- Work to complete:
Where a line in the material beneath contains "pixels", count it. Give the number only.

- Information provided:
▬▬▬▬▬▬▬▬▬▬
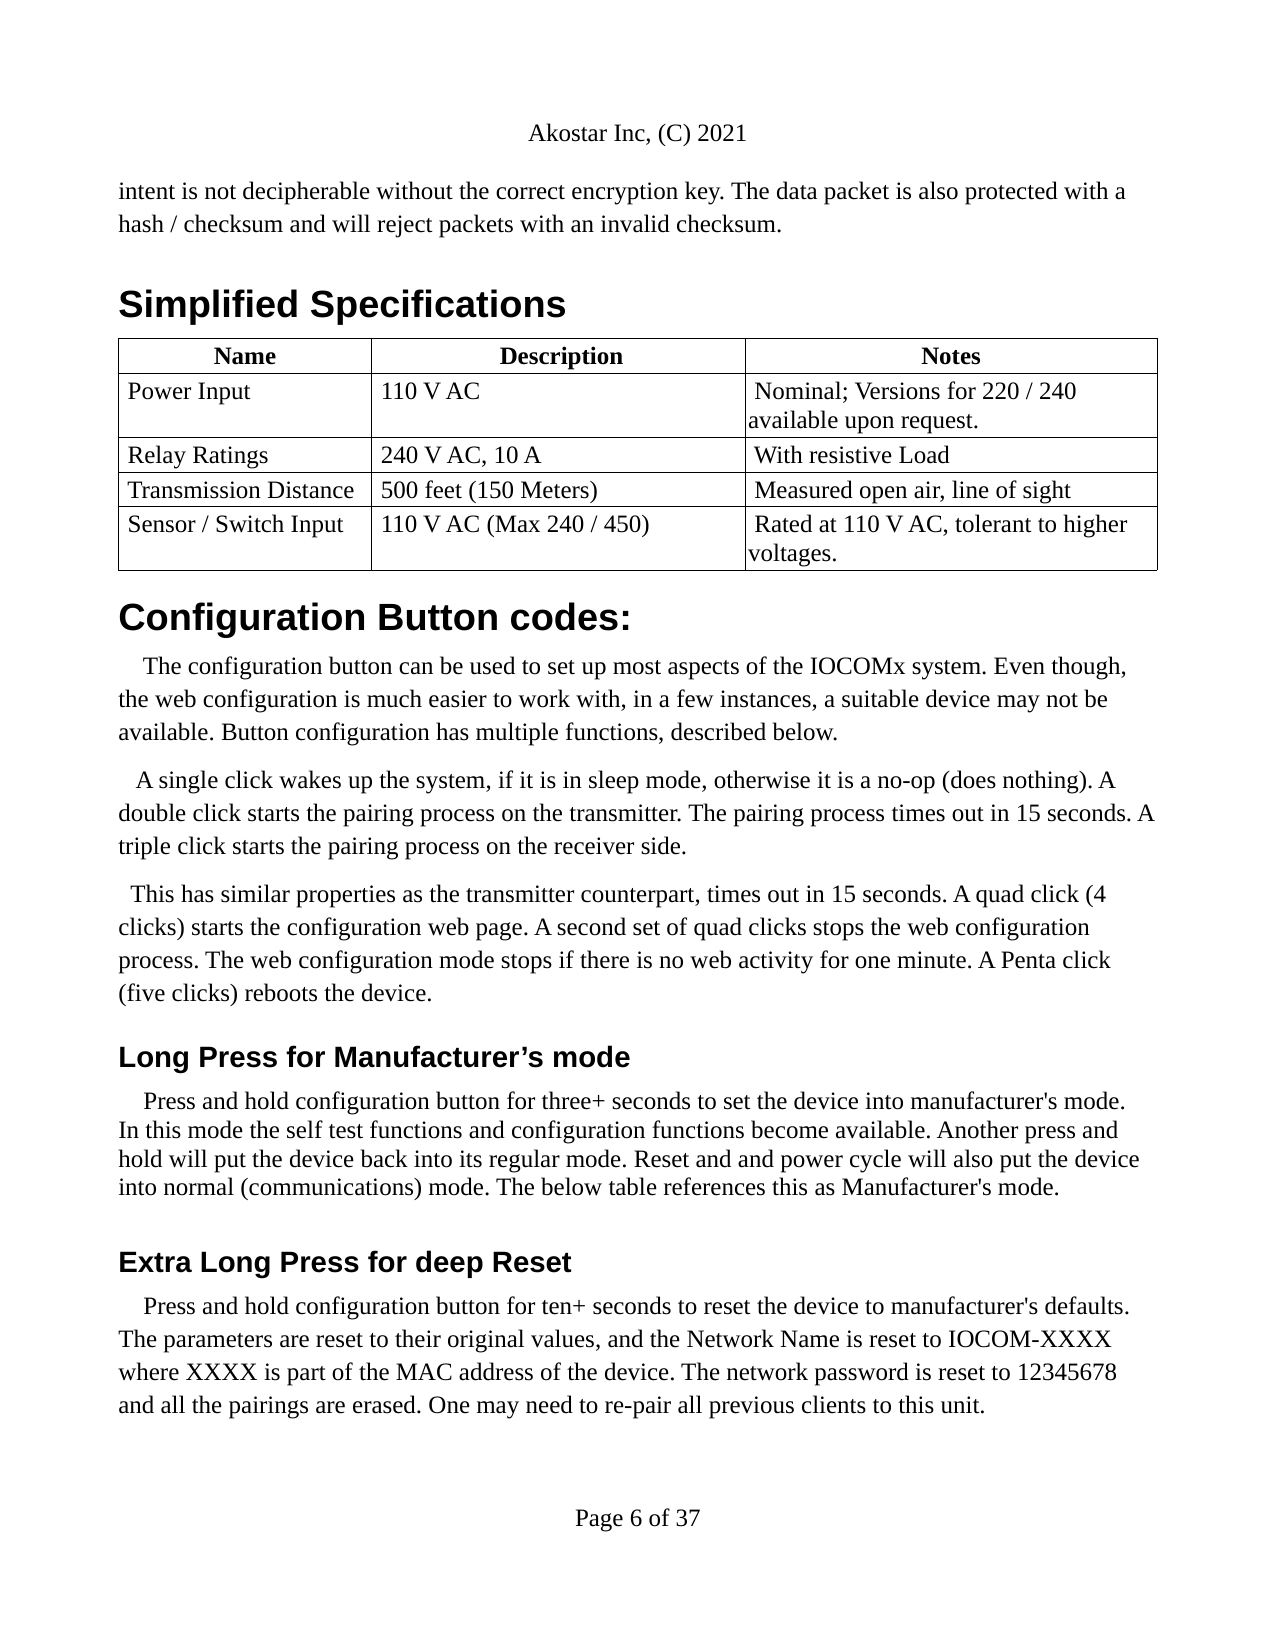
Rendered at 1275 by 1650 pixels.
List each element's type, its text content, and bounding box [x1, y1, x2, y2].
▬▬▬▬▬▬▬▬▬▬
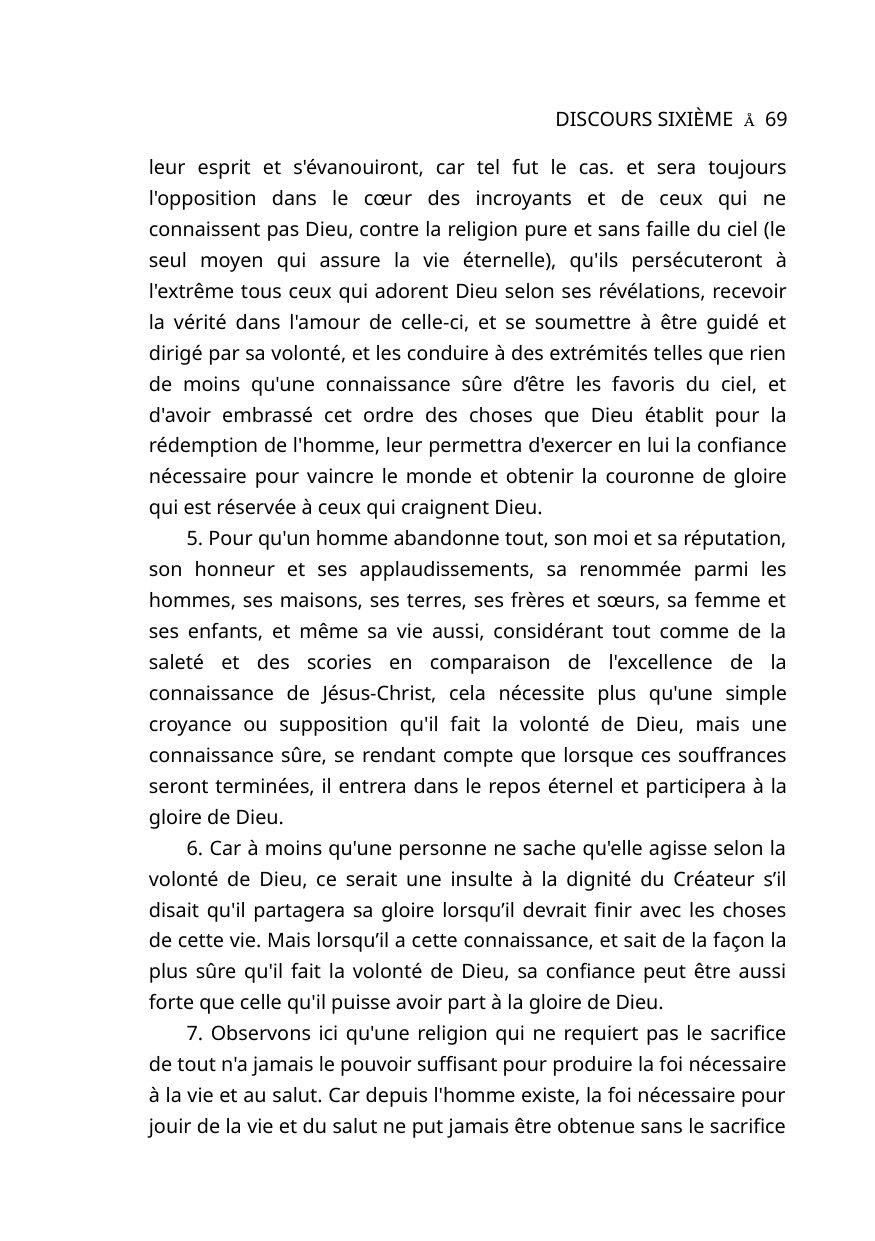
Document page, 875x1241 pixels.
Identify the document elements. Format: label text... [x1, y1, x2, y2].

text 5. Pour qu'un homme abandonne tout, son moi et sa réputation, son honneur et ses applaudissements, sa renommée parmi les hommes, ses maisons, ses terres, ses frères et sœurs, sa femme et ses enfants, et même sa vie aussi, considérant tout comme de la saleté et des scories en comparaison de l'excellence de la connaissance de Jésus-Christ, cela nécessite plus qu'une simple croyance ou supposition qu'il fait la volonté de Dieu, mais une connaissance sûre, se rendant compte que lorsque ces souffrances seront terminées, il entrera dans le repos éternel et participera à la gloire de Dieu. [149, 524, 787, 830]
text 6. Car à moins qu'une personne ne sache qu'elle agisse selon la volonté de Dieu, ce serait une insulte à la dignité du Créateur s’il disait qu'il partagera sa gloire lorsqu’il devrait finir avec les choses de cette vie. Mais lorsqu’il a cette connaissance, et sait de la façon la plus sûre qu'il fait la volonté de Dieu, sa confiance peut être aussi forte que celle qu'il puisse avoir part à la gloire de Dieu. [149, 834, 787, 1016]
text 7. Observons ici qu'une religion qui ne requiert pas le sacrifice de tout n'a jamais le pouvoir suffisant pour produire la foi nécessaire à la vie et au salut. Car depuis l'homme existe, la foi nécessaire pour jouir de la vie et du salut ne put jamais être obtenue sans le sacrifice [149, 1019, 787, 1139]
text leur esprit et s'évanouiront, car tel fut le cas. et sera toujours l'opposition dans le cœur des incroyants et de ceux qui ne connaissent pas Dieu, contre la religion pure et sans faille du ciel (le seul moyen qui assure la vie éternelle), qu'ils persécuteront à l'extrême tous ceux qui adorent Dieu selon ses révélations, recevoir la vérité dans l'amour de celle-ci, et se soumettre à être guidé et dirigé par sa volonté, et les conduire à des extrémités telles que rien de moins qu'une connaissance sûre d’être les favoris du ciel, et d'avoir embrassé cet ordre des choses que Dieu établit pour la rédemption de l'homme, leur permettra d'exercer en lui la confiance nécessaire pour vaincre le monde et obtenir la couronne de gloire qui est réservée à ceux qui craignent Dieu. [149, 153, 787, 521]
▬▬▬▬▬▬▬▬▬▬
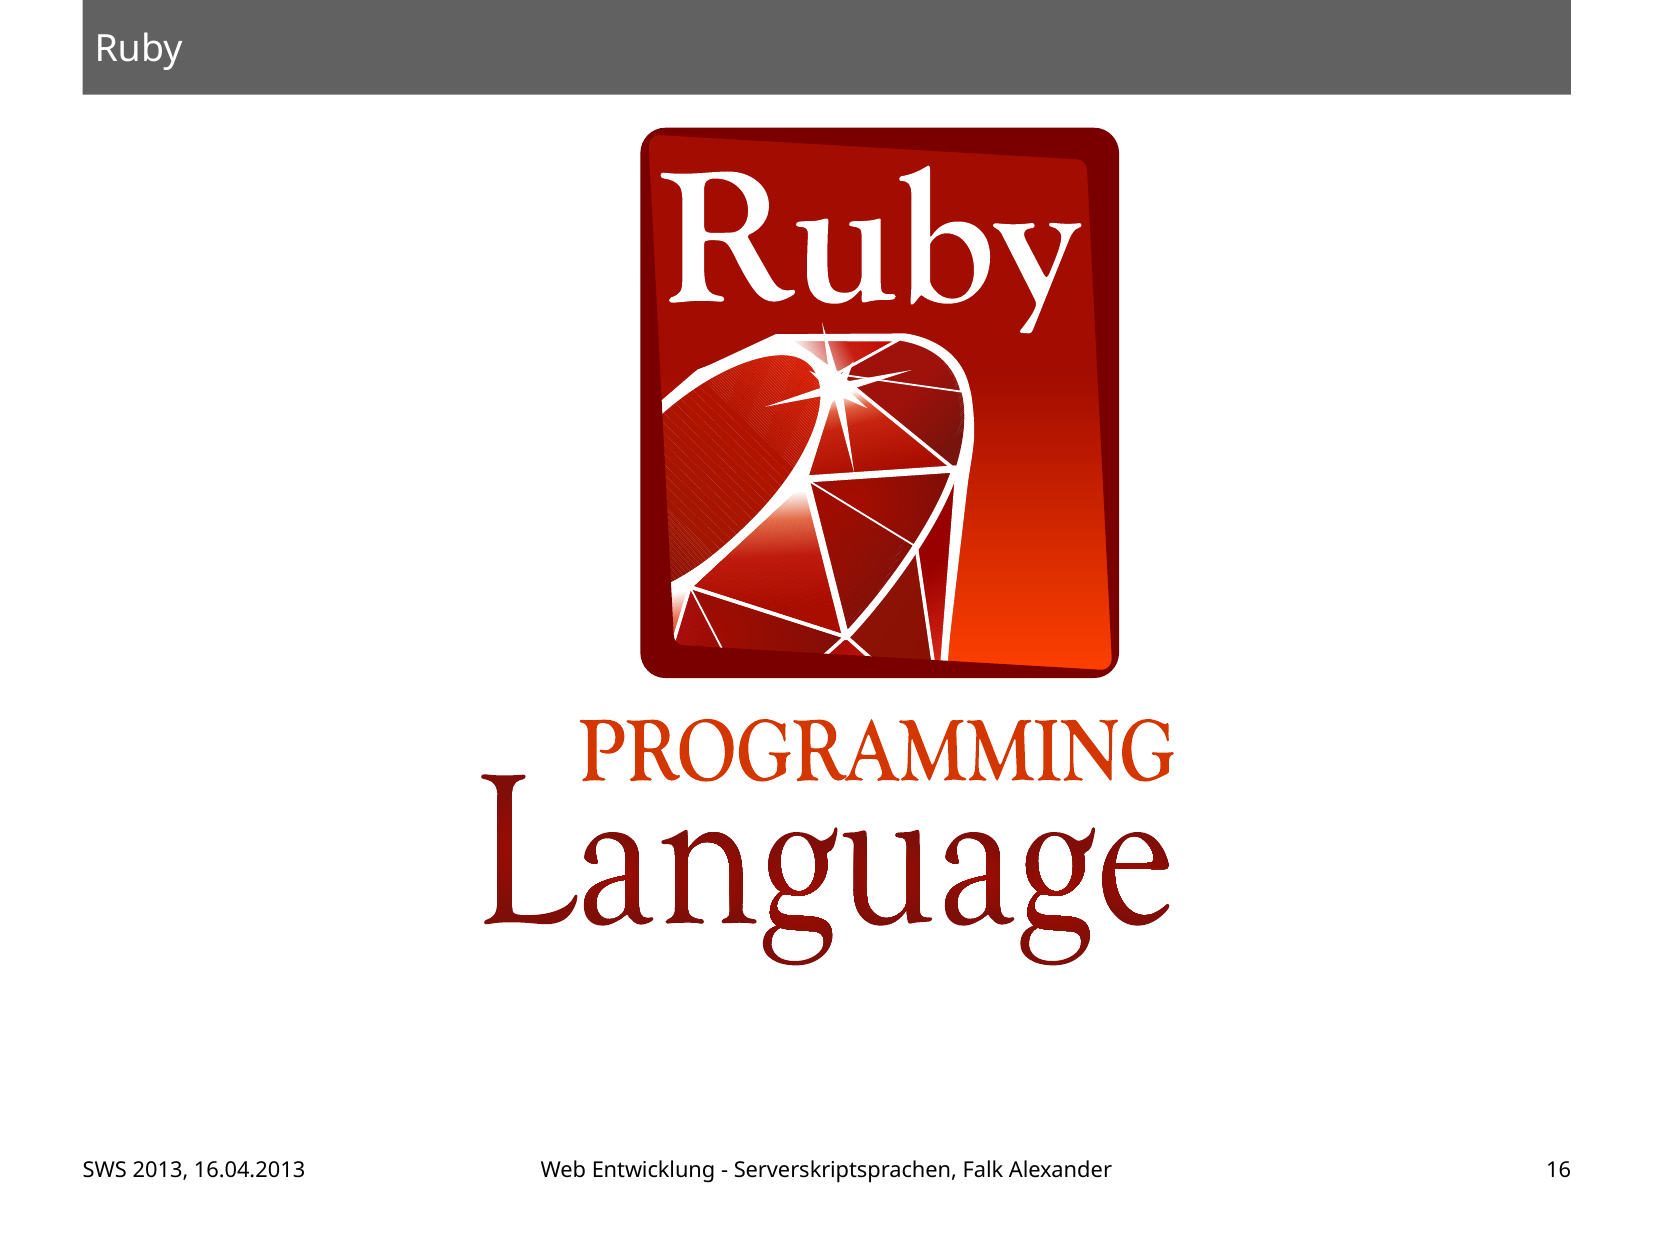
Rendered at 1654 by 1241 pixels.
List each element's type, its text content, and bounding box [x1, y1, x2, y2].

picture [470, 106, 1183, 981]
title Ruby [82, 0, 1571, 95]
▬▬▬▬▬▬▬▬▬▬
- Your response:
3